I benchmark HTML entity encoding with Surveyor::Benchmark::HTMLEntities using the system I describe in Distribute benchmarks. Already Surveyor::App is making things easier for me.
Tokuhirom shipped HTML::Escape, which implements it encoder in XS, as he describes in his blog post about it. It can be a lot faster than the pure Perl HTML::Entities:
% env survey -p Surveyor::Benchmark::HTMLEntities http://www.perl.org/ Fetching http://www.perl.org/ HTML is 14983 bytes > (418) < (418) & (7) ' (103) Benchmark: timing 10000 iterations of html_entities, html_escape... html_entities: 13 wallclock secs (13.75 usr + 0.01 sys = 13.76 CPU) @ 726.74/s (n=10000) html_escape: 1 wallclock secs ( 0.64 usr + 0.00 sys = 0.64 CPU) @ 15625.00/s (n=10000)
The pure Perl fair fight is also much faster in HTML::Escape:
% env PERL_ONLY=1 survey -p Surveyor::Benchmark::HTMLEntities http://www.perl.org/ Fetching http://www.perl.org/ HTML is 14857 bytes > (416) < (416) & (7) ' (103) Benchmark: timing 10000 iterations of html_entities, html_escape... html_entities: 14 wallclock secs (13.74 usr + 0.01 sys = 13.75 CPU) @ 727.27/s (n=10000) html_escape: 7 wallclock secs ( 7.32 usr + 0.01 sys = 7.33 CPU) @ 1364.26/s (n=10000)
There’s a reason for though: HTML::Escape only handles the characters <, >, &, ‘, and “, while HTML::Entities lets me configure the characters to escape and by default also escapes wide characters.
My Surveyor::App made this simple for me.

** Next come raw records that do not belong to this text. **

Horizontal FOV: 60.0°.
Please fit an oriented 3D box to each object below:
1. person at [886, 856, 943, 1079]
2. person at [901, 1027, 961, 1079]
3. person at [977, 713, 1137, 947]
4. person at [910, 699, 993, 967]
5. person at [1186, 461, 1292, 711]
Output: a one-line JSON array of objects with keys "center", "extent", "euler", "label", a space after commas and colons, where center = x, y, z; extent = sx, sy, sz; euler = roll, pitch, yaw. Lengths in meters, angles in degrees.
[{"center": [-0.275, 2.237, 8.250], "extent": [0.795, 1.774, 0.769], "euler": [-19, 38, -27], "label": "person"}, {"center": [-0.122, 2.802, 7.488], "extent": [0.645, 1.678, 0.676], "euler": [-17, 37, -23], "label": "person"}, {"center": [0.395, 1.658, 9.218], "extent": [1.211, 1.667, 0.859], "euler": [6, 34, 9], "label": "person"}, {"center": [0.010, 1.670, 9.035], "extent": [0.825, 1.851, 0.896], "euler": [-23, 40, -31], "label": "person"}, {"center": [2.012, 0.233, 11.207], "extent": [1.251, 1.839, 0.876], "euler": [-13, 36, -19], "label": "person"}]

I created the benchmark, but also ran the target code tests to ensure that I’m returning the same thing. Through that I was able to adjust the target code of HTML::Entities to only escape the same things as HTML::Escape. I might have skipped that step otherwise.
And, now knowing this, I updated the Stackoverflow answer for How can I encode a string for HTML?.